• **Source data**:
====

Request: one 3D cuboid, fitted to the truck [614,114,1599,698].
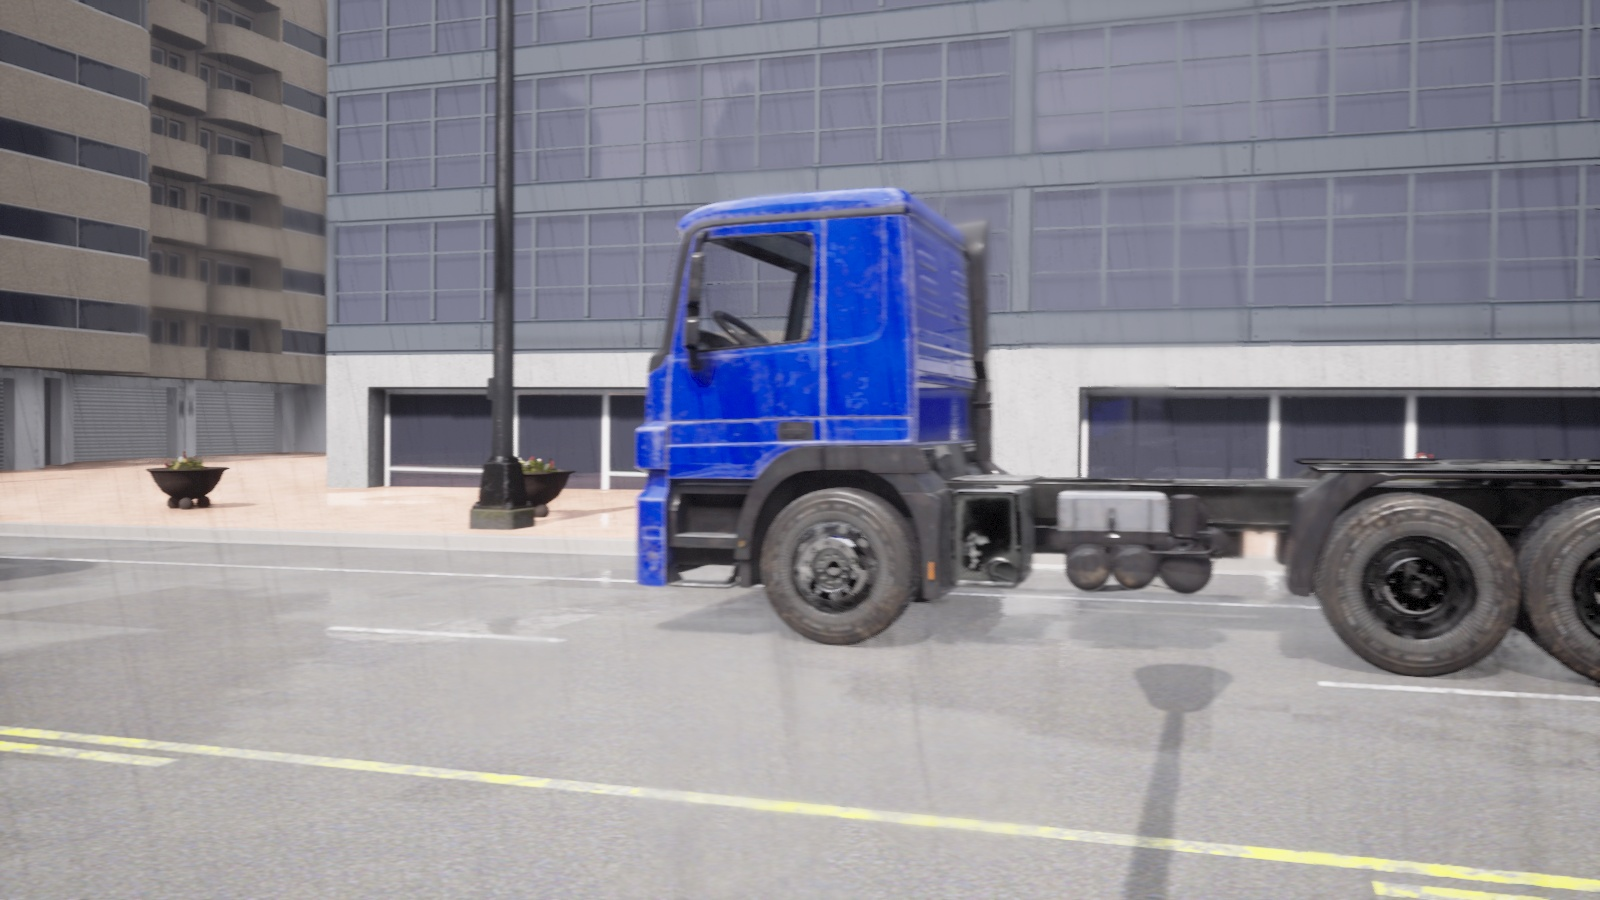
[{"bbox_3d":[2.817,-0.299,9.616,7.936,3.462,2.891,1,1,19],"label":"truck"}]
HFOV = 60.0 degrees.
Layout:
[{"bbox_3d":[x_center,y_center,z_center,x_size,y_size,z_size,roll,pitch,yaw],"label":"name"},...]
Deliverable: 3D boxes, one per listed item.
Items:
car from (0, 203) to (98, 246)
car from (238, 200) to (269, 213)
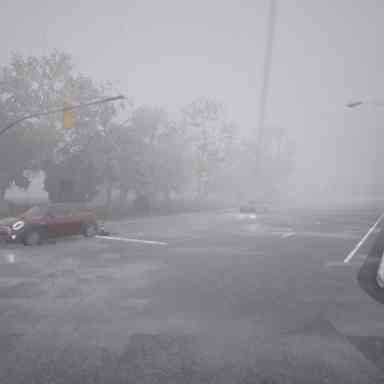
[{"bbox_3d":[-6.623,1.331,15.321,2.097,1.767,4.553,0,0,32],"label":"car"},{"bbox_3d":[6.804,1.574,36.583,1.895,1.301,4.718,0,0,32],"label":"car"}]
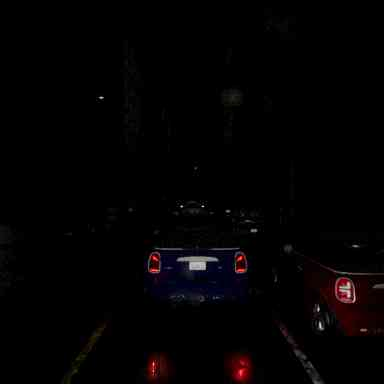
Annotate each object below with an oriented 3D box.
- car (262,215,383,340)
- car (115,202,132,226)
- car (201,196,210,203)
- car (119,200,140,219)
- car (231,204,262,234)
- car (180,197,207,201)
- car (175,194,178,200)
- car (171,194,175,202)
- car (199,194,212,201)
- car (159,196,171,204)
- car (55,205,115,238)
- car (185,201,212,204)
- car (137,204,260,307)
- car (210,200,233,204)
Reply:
[{"bbox_3d":[2.856,1.440,6.548,1.967,1.590,4.097,0,0,0],"label":"car"},{"bbox_3d":[-5.664,1.584,23.055,1.802,1.307,4.206,0,0,0],"label":"car"},{"bbox_3d":[2.920,1.579,71.223,1.752,1.417,4.829,0,0,0],"label":"car"},{"bbox_3d":[-5.663,1.443,28.556,1.967,1.590,4.097,0,0,0],"label":"car"},{"bbox_3d":[2.859,1.552,17.551,2.008,1.369,4.403,0,0,0],"label":"car"},{"bbox_3d":[0.008,1.459,27.419,1.801,1.575,5.366,0,0,0],"label":"car"},{"bbox_3d":[-5.559,1.637,92.532,1.752,1.417,4.829,0,0,0],"label":"car"},{"bbox_3d":[-5.593,1.615,76.476,2.008,1.369,4.403,0,0,0],"label":"car"},{"bbox_3d":[2.908,1.483,65.644,1.967,1.590,4.097,0,0,0],"label":"car"},{"bbox_3d":[-5.616,1.625,65.659,1.802,1.307,4.206,0,0,0],"label":"car"},{"bbox_3d":[-5.666,1.567,17.553,1.947,1.339,4.313,0,0,0],"label":"car"},{"bbox_3d":[0.101,1.479,17.398,1.882,1.535,5.008,0,0,0],"label":"car"},{"bbox_3d":[0.102,1.352,8.117,2.097,1.767,4.553,0,0,0],"label":"car"},{"bbox_3d":[2.863,1.569,28.553,1.947,1.339,4.313,0,0,0],"label":"car"}]
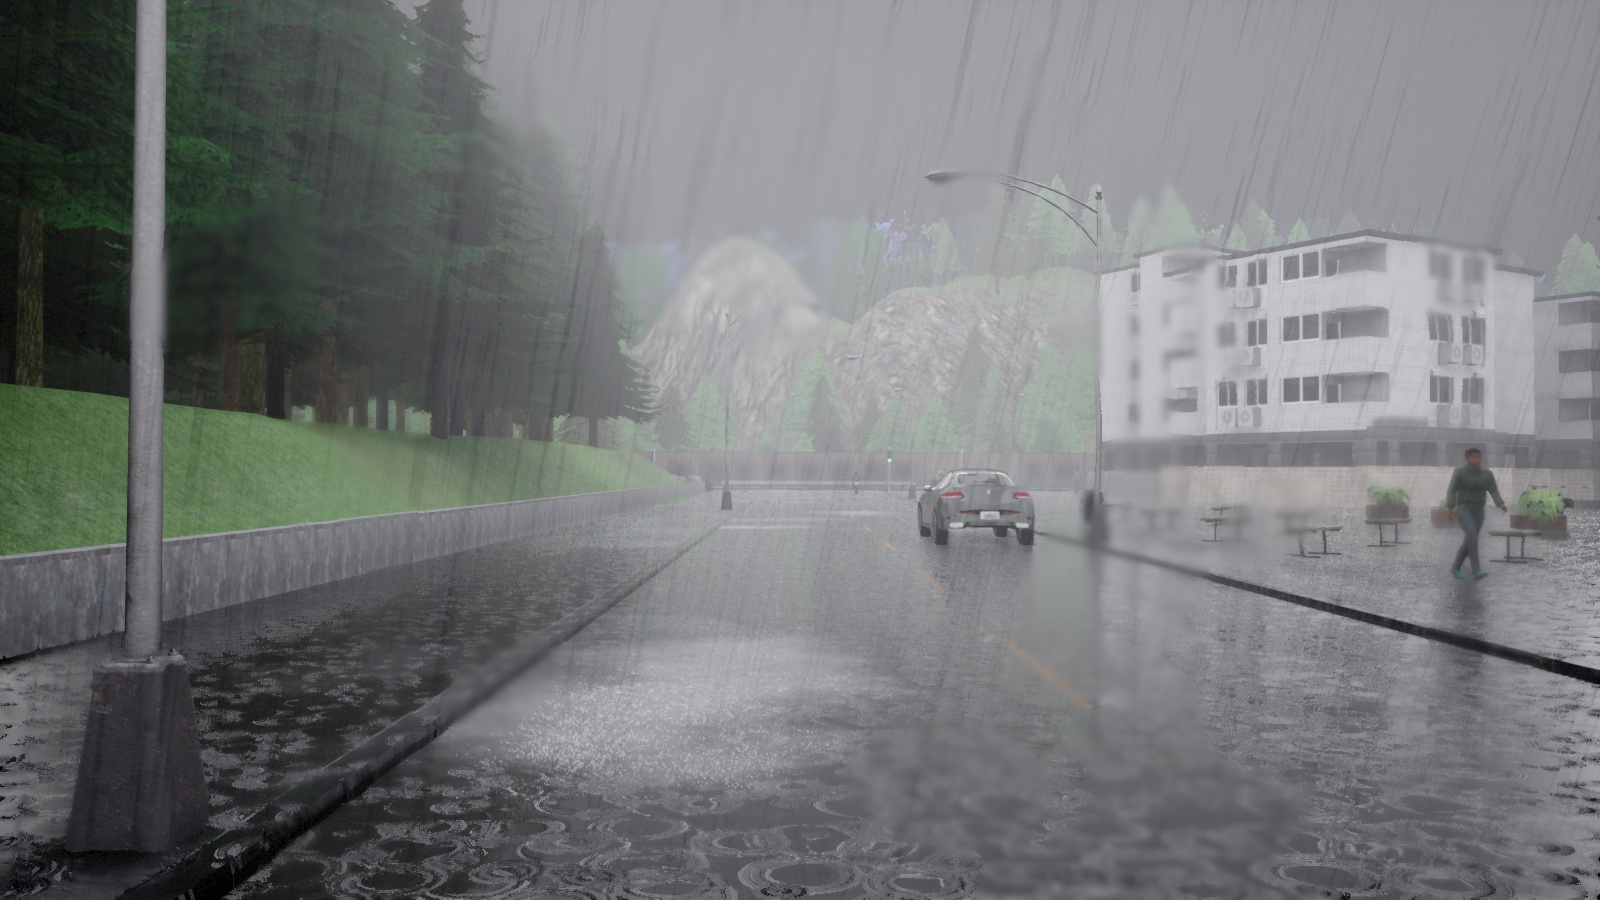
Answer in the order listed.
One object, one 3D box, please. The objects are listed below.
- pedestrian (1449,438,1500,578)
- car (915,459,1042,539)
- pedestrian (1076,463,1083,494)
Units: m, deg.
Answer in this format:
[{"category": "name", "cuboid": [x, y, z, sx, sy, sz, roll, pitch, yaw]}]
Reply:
[{"category": "pedestrian", "cuboid": [9.052, 0.771, 16.862, 0.353, 1.847, 0.614, 0, -1, 3]}, {"category": "car", "cuboid": [3.935, 1.057, 28.595, 2.152, 1.651, 5.027, 0, -1, 0]}, {"category": "pedestrian", "cuboid": [16.855, 1.728, 75.852, 0.354, 1.836, 0.706, 0, -1, 9]}]
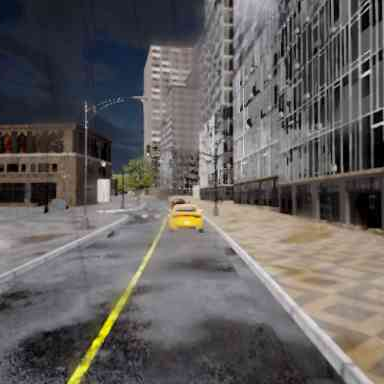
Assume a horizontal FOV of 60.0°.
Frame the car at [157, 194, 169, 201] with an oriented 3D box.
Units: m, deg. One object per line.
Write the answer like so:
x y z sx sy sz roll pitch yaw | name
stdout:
-6.673 1.485 80.567 1.812 1.442 4.674 0 0 -10 | car

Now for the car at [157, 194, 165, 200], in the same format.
-8.403 1.293 90.465 1.837 1.490 4.892 0 0 -11 | car

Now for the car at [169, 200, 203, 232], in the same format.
-0.384 1.477 20.129 1.882 1.535 5.008 0 0 -2 | car

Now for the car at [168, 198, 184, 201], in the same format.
-1.588 1.519 39.771 1.812 1.442 4.674 0 0 -4 | car

====

• **Work required**: Retype the listing exactly and drop the pictures.

• **Expected output**:
Request: one 3D cuboid, fitted to the truck [614,114,1599,698].
[{"bbox_3d":[2.817,-0.299,9.616,7.936,3.462,2.891,1,1,19],"label":"truck"}]
HFOV = 60.0 degrees.
Layout:
[{"bbox_3d":[x_center,y_center,z_center,x_size,y_size,z_size,roll,pitch,yaw],"label":"name"},...]
Deliverable: 3D boxes, one per listed item.
Items:
car from (0, 203) to (98, 246)
car from (238, 200) to (269, 213)
[{"bbox_3d":[-6.623,1.331,15.321,2.097,1.767,4.553,0,0,32],"label":"car"},{"bbox_3d":[6.804,1.574,36.583,1.895,1.301,4.718,0,0,32],"label":"car"}]
Annotate each object below with an oriented 3D box.
- car (262,215,383,340)
- car (115,202,132,226)
- car (201,196,210,203)
- car (119,200,140,219)
- car (231,204,262,234)
- car (180,197,207,201)
- car (175,194,178,200)
- car (171,194,175,202)
- car (199,194,212,201)
- car (159,196,171,204)
- car (55,205,115,238)
- car (185,201,212,204)
- car (137,204,260,307)
- car (210,200,233,204)
Reply:
[{"bbox_3d":[2.856,1.440,6.548,1.967,1.590,4.097,0,0,0],"label":"car"},{"bbox_3d":[-5.664,1.584,23.055,1.802,1.307,4.206,0,0,0],"label":"car"},{"bbox_3d":[2.920,1.579,71.223,1.752,1.417,4.829,0,0,0],"label":"car"},{"bbox_3d":[-5.663,1.443,28.556,1.967,1.590,4.097,0,0,0],"label":"car"},{"bbox_3d":[2.859,1.552,17.551,2.008,1.369,4.403,0,0,0],"label":"car"},{"bbox_3d":[0.008,1.459,27.419,1.801,1.575,5.366,0,0,0],"label":"car"},{"bbox_3d":[-5.559,1.637,92.532,1.752,1.417,4.829,0,0,0],"label":"car"},{"bbox_3d":[-5.593,1.615,76.476,2.008,1.369,4.403,0,0,0],"label":"car"},{"bbox_3d":[2.908,1.483,65.644,1.967,1.590,4.097,0,0,0],"label":"car"},{"bbox_3d":[-5.616,1.625,65.659,1.802,1.307,4.206,0,0,0],"label":"car"},{"bbox_3d":[-5.666,1.567,17.553,1.947,1.339,4.313,0,0,0],"label":"car"},{"bbox_3d":[0.101,1.479,17.398,1.882,1.535,5.008,0,0,0],"label":"car"},{"bbox_3d":[0.102,1.352,8.117,2.097,1.767,4.553,0,0,0],"label":"car"},{"bbox_3d":[2.863,1.569,28.553,1.947,1.339,4.313,0,0,0],"label":"car"}]
Answer in the order listed.
One object, one 3D box, please. The objects are listed below.
- pedestrian (1449,438,1500,578)
- car (915,459,1042,539)
- pedestrian (1076,463,1083,494)
Units: m, deg.
Answer in this format:
[{"category": "name", "cuboid": [x, y, z, sx, sy, sz, roll, pitch, yaw]}]
Reply:
[{"category": "pedestrian", "cuboid": [9.052, 0.771, 16.862, 0.353, 1.847, 0.614, 0, -1, 3]}, {"category": "car", "cuboid": [3.935, 1.057, 28.595, 2.152, 1.651, 5.027, 0, -1, 0]}, {"category": "pedestrian", "cuboid": [16.855, 1.728, 75.852, 0.354, 1.836, 0.706, 0, -1, 9]}]
Assume a horizontal FOV of 60.0°.
Frame the car at [157, 194, 169, 201] with an oriented 3D box.
Units: m, deg. One object per line.
Write the answer like so:
x y z sx sy sz roll pitch yaw | name
stdout:
-6.673 1.485 80.567 1.812 1.442 4.674 0 0 -10 | car

Now for the car at [157, 194, 165, 200], in the same format.
-8.403 1.293 90.465 1.837 1.490 4.892 0 0 -11 | car

Now for the car at [169, 200, 203, 232], in the same format.
-0.384 1.477 20.129 1.882 1.535 5.008 0 0 -2 | car

Now for the car at [168, 198, 184, 201], in the same format.
-1.588 1.519 39.771 1.812 1.442 4.674 0 0 -4 | car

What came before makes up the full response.